Introduction
I - 3
Two additional difficulties are also associated with maintaining and using traditional psychology computer labs. The laboratories require additional space in which to meet and conduct experiments and sample sizes in laboratory experiments are limited to lab class size, often less than 20. These difficulties alone imply that not all institutions of learning will be able to offer such laboratory courses.

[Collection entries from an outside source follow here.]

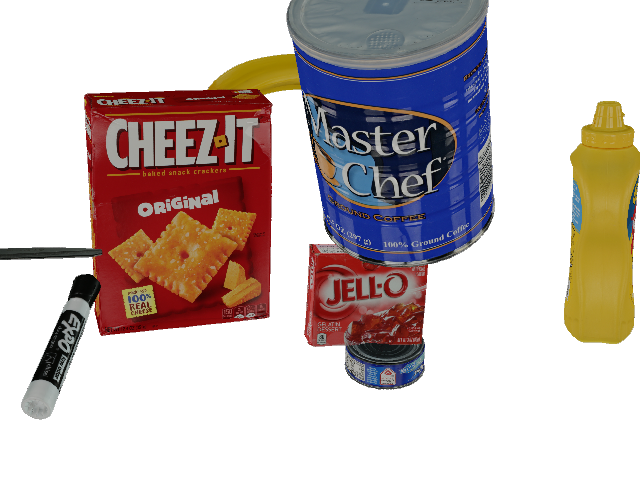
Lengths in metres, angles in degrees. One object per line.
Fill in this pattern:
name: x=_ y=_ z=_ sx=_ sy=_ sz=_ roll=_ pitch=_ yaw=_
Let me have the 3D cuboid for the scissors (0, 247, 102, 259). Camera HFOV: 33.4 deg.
scissors: x=-0.290 y=0.018 z=0.873 sx=0.202 sy=0.016 sz=0.096 roll=5 pitch=23 yaw=5

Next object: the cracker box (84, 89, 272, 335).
cracker box: x=-0.129 y=-0.027 z=0.984 sx=0.164 sy=0.214 sz=0.072 roll=-4 pitch=20 yaw=-16

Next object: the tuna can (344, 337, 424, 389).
tuna can: x=0.069 y=0.120 z=1.138 sx=0.086 sy=0.034 sz=0.086 roll=0 pitch=28 yaw=0

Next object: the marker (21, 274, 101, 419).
marker: x=-0.162 y=0.063 z=0.677 sx=0.020 sy=0.020 sz=0.121 roll=0 pitch=38 yaw=7

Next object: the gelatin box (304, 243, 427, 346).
gelatin box: x=0.034 y=0.041 z=0.805 sx=0.089 sy=0.073 sz=0.030 roll=0 pitch=14 yaw=-11

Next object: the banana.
banana: x=-0.039 y=-0.164 z=1.106 sx=0.197 sy=0.070 sz=0.037 roll=-7 pitch=-41 yaw=-28

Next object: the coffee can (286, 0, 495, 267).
coffee can: x=0.043 y=-0.070 z=0.586 sx=0.103 sy=0.140 sz=0.103 roll=-6 pitch=42 yaw=5

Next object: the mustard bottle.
mustard bottle: x=0.232 y=-0.019 z=0.878 sx=0.058 sy=0.192 sz=0.096 roll=2 pitch=18 yaw=15
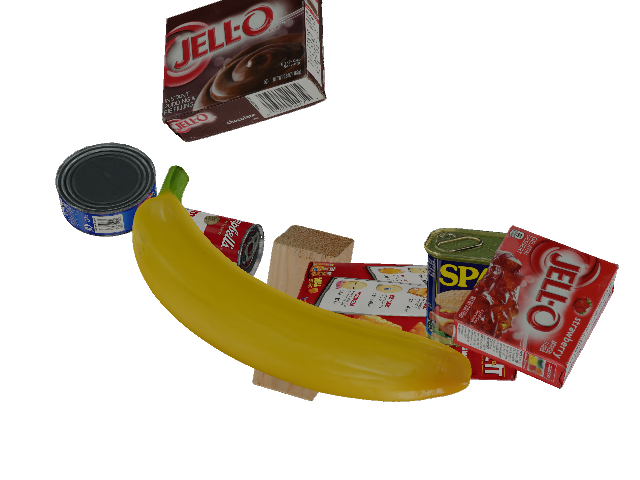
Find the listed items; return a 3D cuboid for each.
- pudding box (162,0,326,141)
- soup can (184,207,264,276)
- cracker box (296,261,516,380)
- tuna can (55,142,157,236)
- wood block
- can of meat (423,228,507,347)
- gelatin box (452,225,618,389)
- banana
[{"bbox_3d":[-0.053,-0.126,0.739,0.114,0.090,0.039,-13,-29,19],"label":"pudding box"},{"bbox_3d":[-0.125,0.003,1.247,0.102,0.068,0.068,13,4,18],"label":"soup can"},{"bbox_3d":[0.084,0.079,1.070,0.214,0.072,0.164,2,16,5],"label":"cracker box"},{"bbox_3d":[-0.185,-0.044,0.932,0.086,0.086,0.034,0,-42,-3],"label":"tuna can"},{"bbox_3d":[-0.024,0.095,1.434,0.090,0.206,0.090,14,20,13],"label":"wood block"},{"bbox_3d":[0.136,0.041,0.874,0.102,0.084,0.057,6,24,16],"label":"can of meat"},{"bbox_3d":[0.134,0.039,0.662,0.073,0.089,0.030,23,-35,23],"label":"gelatin box"},{"bbox_3d":[-0.026,0.026,0.498,0.198,0.069,0.037,34,-24,25],"label":"banana"}]
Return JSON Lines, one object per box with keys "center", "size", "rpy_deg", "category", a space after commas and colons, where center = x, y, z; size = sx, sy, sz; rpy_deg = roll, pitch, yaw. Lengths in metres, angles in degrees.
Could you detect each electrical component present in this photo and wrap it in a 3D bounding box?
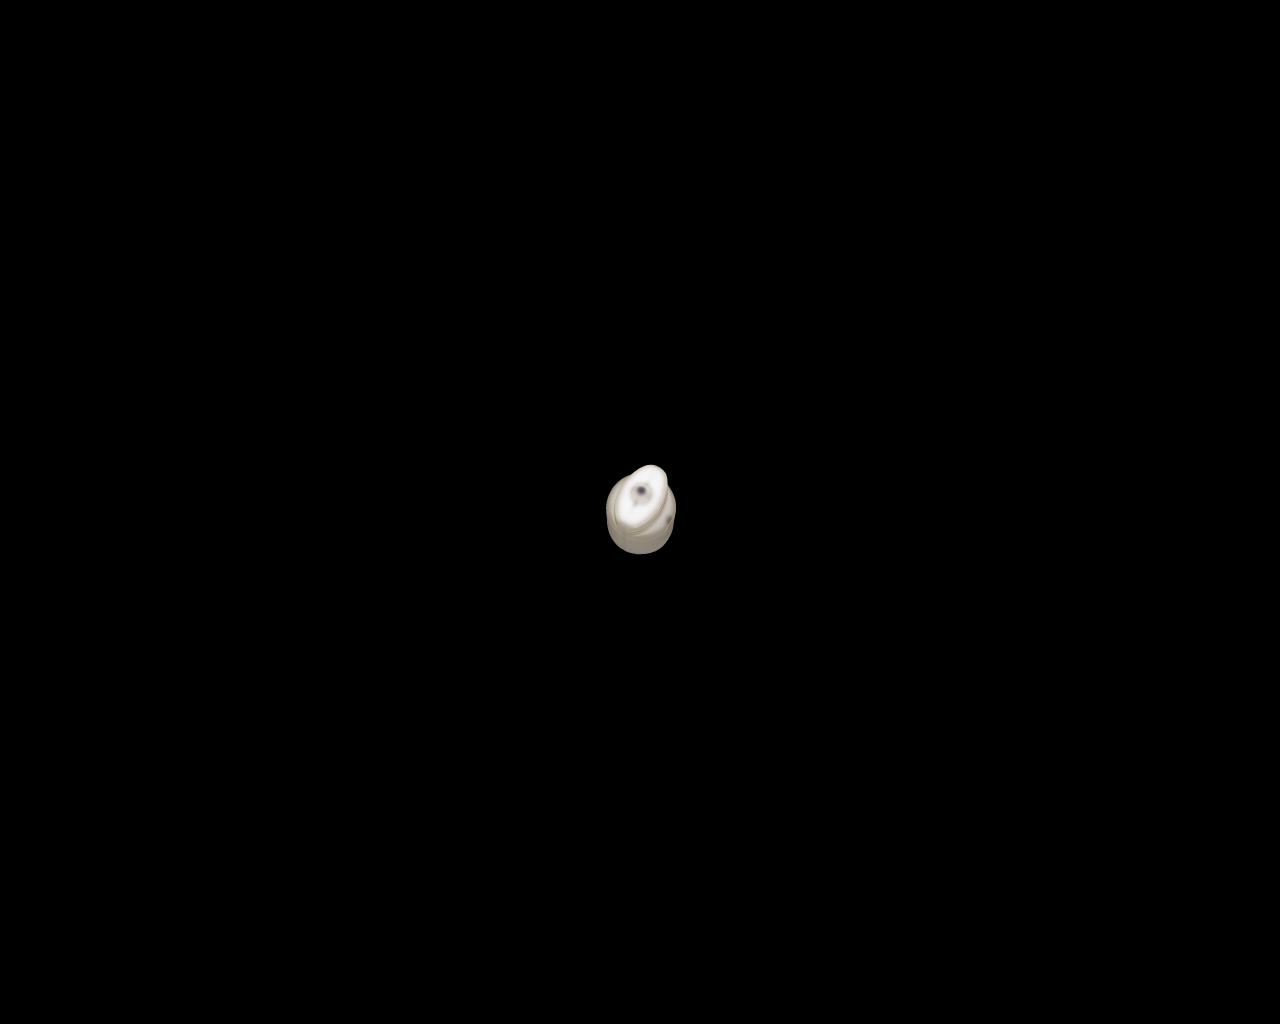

The use of Internet-based psychology laboratories is one way to offer such laboratory courses without the need for extensive amounts of equipment or facility space. Departments would no longer need to maintain their own computer labs, buy and constantly update expensive experiment generator software, or worry about the utility of a particular piece of software for their course. As well, laboratory experiments which lack sufficient demonstration potential due to low sample sizes could be conducted and sample sizes could be determined by pooling data from several different laboratory courses at different institutions. Aside from the advantage of user convenience, professors and students will appreciate the fact that the number of users who can participate in a network-based experiment is much larger than the number who can participate when users come in singly at an appointed time to collect data. Data collection is the single longest phase of any research project; thus, efficient collection of large data sets will make it possible for students conducting independent research to complete their research in a single 15-week semester, as required for many independent research courses. Also, it will make it possible for laboratory students to have data sets large enough to study phenomena with small effect sizes, or ones that must be addressed in between-subjects designs. Presently, lab exercises focus on phenomena with sledge hammer effects that can be replicated reliably in small data sets using within-subject designs, because the typical lab class is small (15-20 students). The possibility of large data sets will have the effect of expanding the library of laboratory experiments in ways that will be interesting to students and potentially valuable to science.